Objective To analyze the perioperative outcome of consecutive 1 000 patients undergoing robotic lung resection and summarize surgical experience. Methods We retrospectively reviewed the clinical data of 1 000 patients undergoing robotic lung resection between May 2009 and June 2018 in Shanghai Lung Tumor Clinical Medical Center. Robotic lobectomy was compared with traditional VATS over the same period using a propensity-matched analysis. There were 327 males and 673 females at average age of 56.21±11.33 years. Lobectomy was performed in 866 patients (11 bilobectomy included), sublobar resection was performed in 129 patients, sleeve lobectomy was performed in the remaining 5 patients. Pathology was as follows: adenocarcinoma in 875 patients, squamous carcinoma in 52 patients, benign tumors in 73 patients. 90.5% of the primary lung cancer were in stage Ⅰ. Results The mean operative time was 90.31±19.70 min; 95.70% of patients’ estimated blood loss was less than 100 ml. Conversion rate to thoracotomy was 0.90% (9 patients) . The average lymph node station and count harvested was 5.59±1.36 and 9.60±3.21 respectively. The mean volume of chest tube drainage on the first postoperative day was 229.19±131.67 ml. Median chest tube time was 3.85±1.43 d. There was 1 in-hospital death due to pulmonary embolism. A total of 189 patients had postoperative complications (18.90%) whose majority was postoperative air leak more than 5 days. The mean overall hospital costs was 92 710.53±12 367.23 Yuan.
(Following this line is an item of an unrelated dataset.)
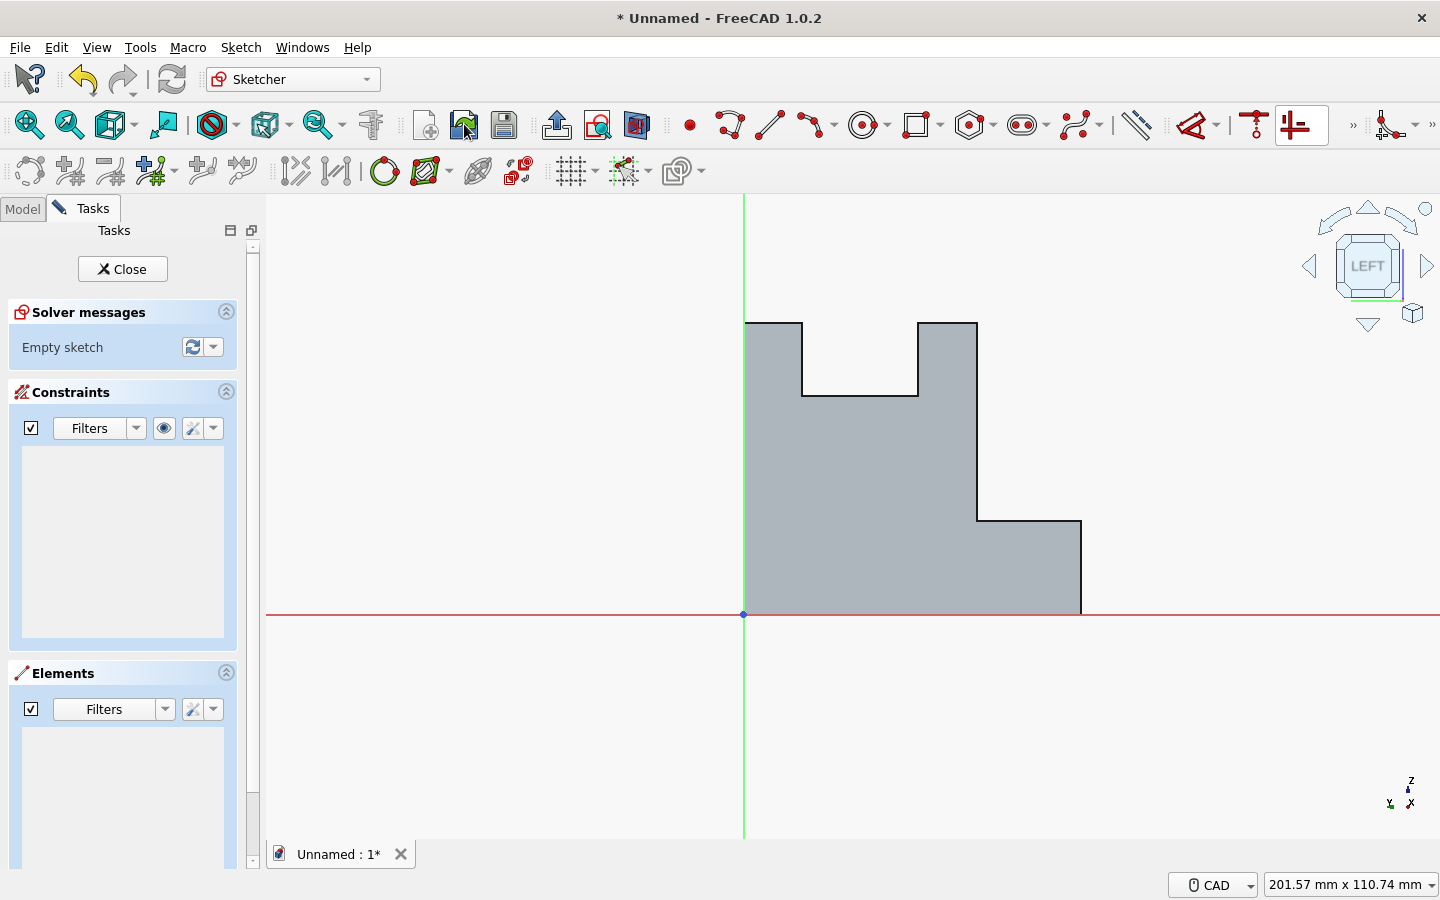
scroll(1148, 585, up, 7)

Compared with VATS, RATS was associated with significant reduction in intraoperative blood loss, time to chest tube removal and postoperative hospital stay. The operative time, conversion rate, lymph nodes removed, morbidity and mortality were similar between the two groups. Conclusion Robotic-assisted lung resection is safe and effective with low conversion rate and less complications, and it can overcome many disadvantages of traditional VATS.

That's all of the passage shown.